EXERCISE DESCRIPTION –
Search the records for the word "roll" and report each line that has it.

━━━━━━

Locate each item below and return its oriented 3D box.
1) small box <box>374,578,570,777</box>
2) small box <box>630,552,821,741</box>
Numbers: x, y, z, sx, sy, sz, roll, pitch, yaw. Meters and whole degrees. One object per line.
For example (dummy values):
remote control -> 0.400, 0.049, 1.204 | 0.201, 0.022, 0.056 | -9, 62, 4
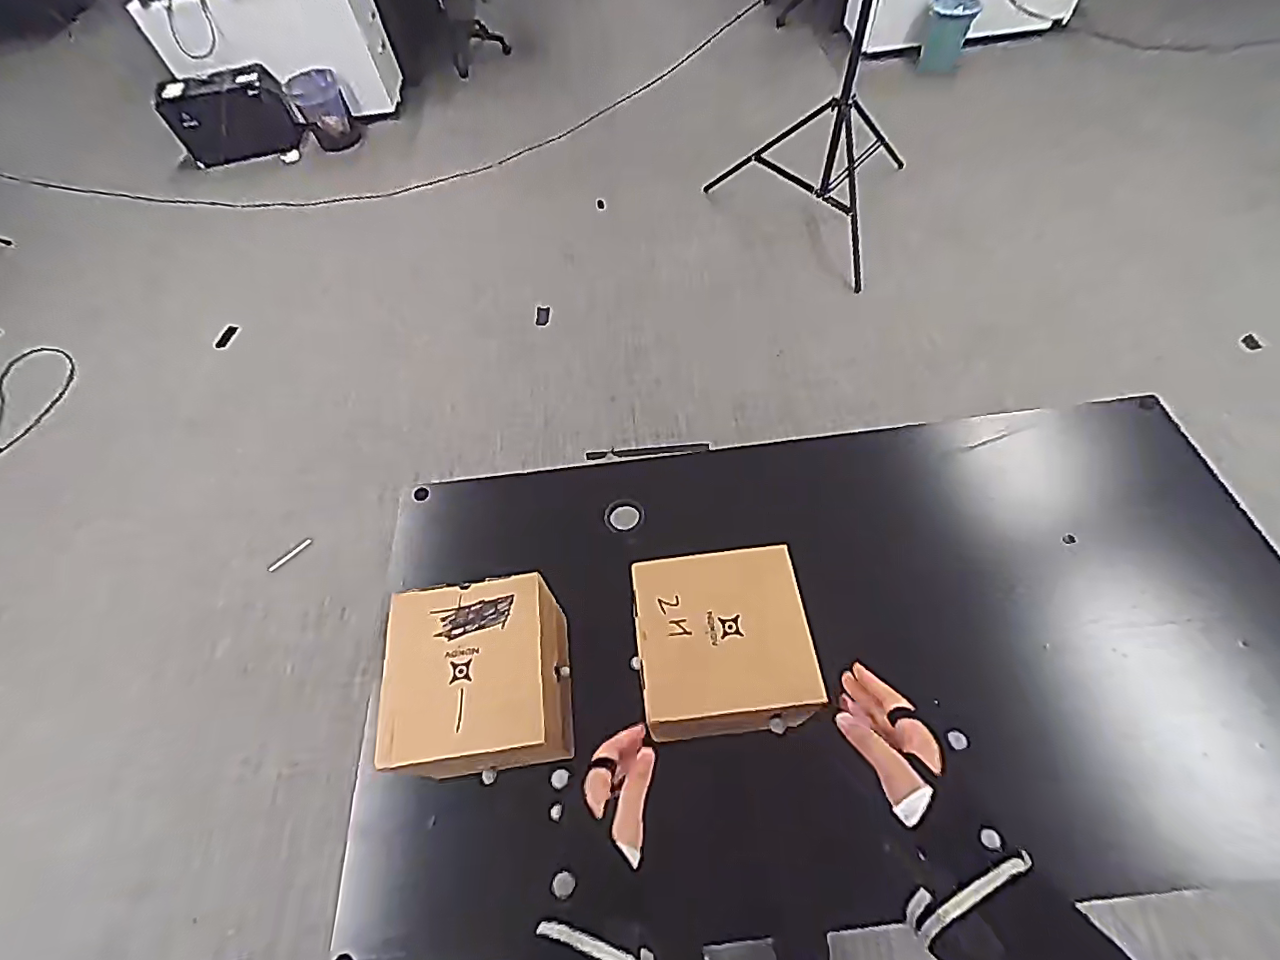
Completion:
small box -> -0.179, 0.234, 0.628 | 0.168, 0.176, 0.179 | -9, 59, -1
small box -> 0.086, 0.198, 0.627 | 0.179, 0.176, 0.168 | -7, 58, 1
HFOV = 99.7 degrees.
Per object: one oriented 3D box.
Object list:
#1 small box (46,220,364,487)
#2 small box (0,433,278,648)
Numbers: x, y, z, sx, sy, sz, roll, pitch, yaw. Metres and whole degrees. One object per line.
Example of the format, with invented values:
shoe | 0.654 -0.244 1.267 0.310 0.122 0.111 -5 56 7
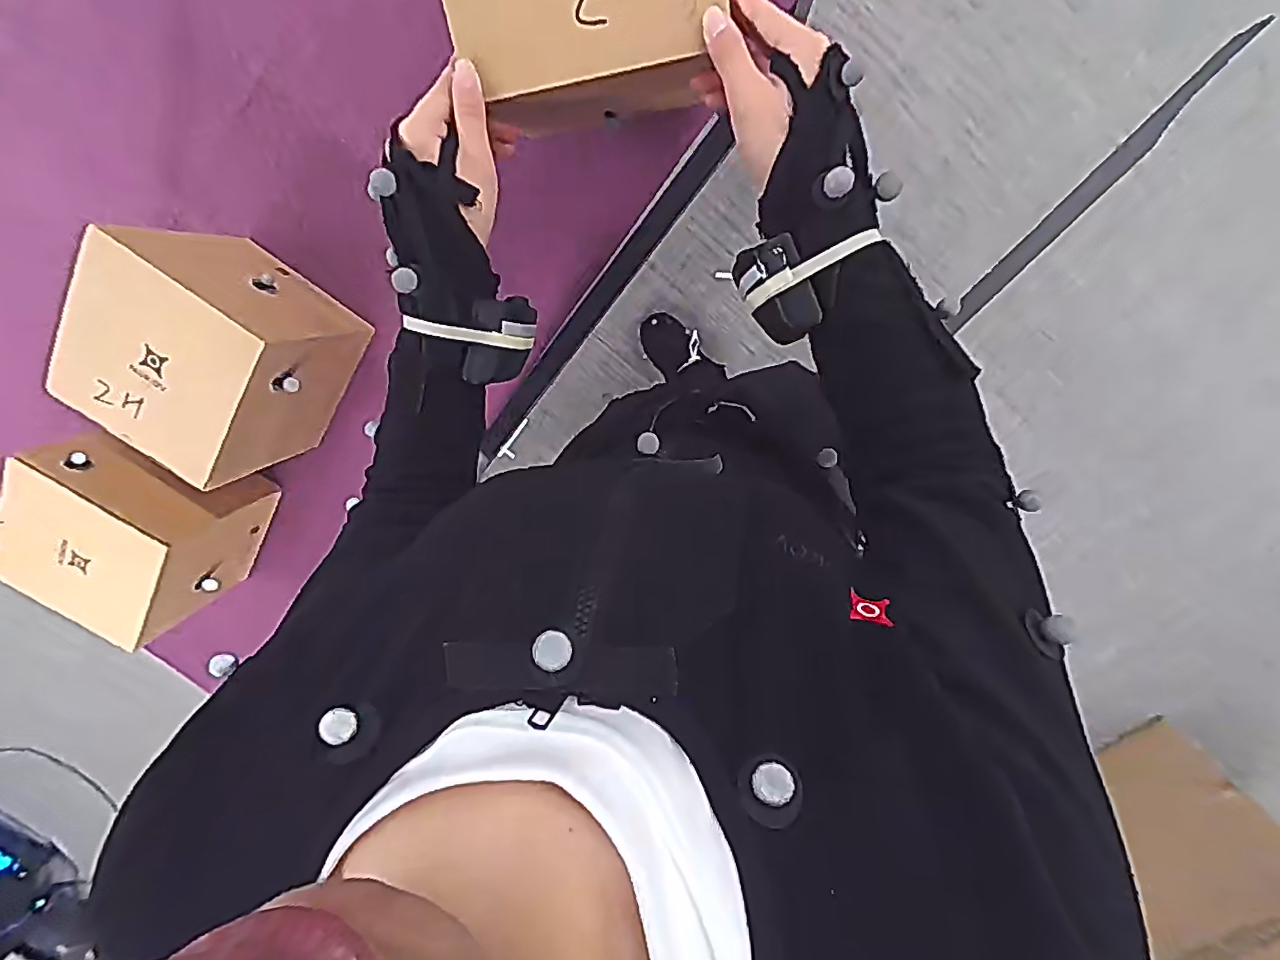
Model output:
small box | -0.421 -0.129 0.552 0.168 0.176 0.179 35 109 -5
small box | -0.579 0.053 0.639 0.179 0.176 0.168 33 110 -5

━━━━━━

SOLUTION –
Numbers: x, y, z, sx, sy, sz, roll, pitch, yaw. Meters and whole degrees. One object per line.
Numbers: x, y, z, sx, sy, sz, roll, pitch, yaw. Metres and whole degrees. One object per line.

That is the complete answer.